Now she will reap the whirlwind that is the result of her impatience. Already, House Speaker Pantaleon Alvarez and Solicitor General Jose Calida have expressed support for an impeachment complaint that may be filed against the intemperate Robredo.
And most analysts I’ve talked to consider the chances of an impeach-Leni complaint getting the required 98 approving votes in the House (a third of the membership) that will automatically transmit the document to the Senate and convene it into an impeachment court headed by the Supreme Court chief justice as good to excellent. The grounds for the complaint, which I heard will focus on the charge of betrayal of public trust (for disparaging her own country abroad, during a UN conference) are also much more solid than the ones used to remove Chief Justice Renato Corona in 2012 for failing to declare his assets.

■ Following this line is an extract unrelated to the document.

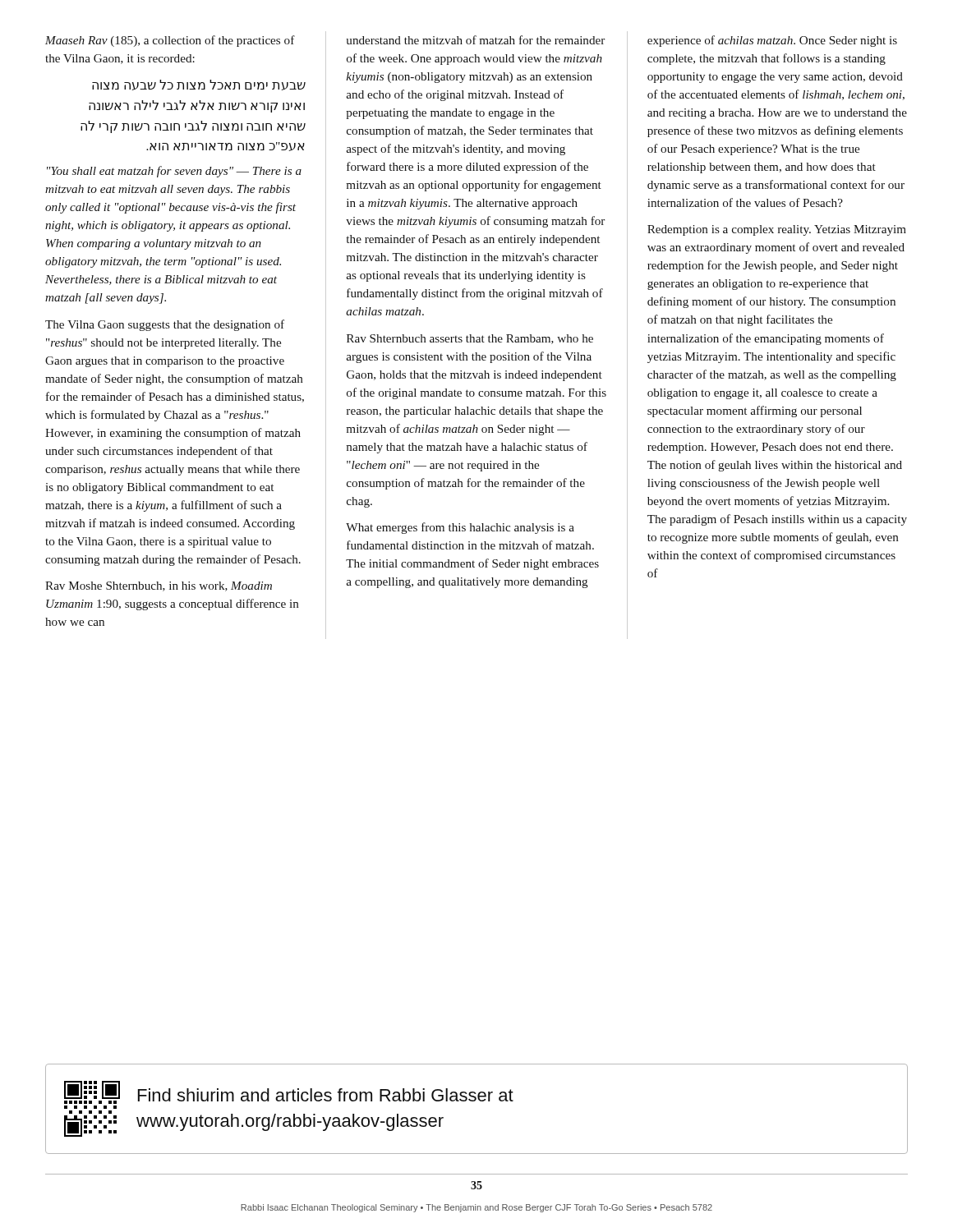Navigate to the region starting "Rav Shternbuch asserts that"
The width and height of the screenshot is (953, 1232).
476,419

The Senate, of course, will be a different battleground altogether, with the law requiring two-thirds of the chamber voting to impeach in order to remove Robredo from office. That means a total of 16 senators of the 24-member Senate.
By the way, the prime mover of the Corona impeachment in the Senate five years ago, Senator Franklin Drilon, has already thrown his considerable weight behind the belief that there is no basis to accuse Robredo of betrayal of public trust. I beg to disagree with Drilon, especially if the group now busy drafting the proposed impeachment complaint can prove that the vice president has been engaging in a non-stop campaign to vilify Duterte and has merely taken her roadshow abroad, when she shouldn’t have.
But that’s life, I guess. If De Lima is now suffering the fate she and her former boss Noynoy Aquino decreed for former President Gloria Macapagal Arroyo, I think it’s just right for Robredo to feel what Corona must have felt during his own kangaroo impeachment trial.
As the young people say, karma has gone digital. How quickly the wheel has turned for the Yellows.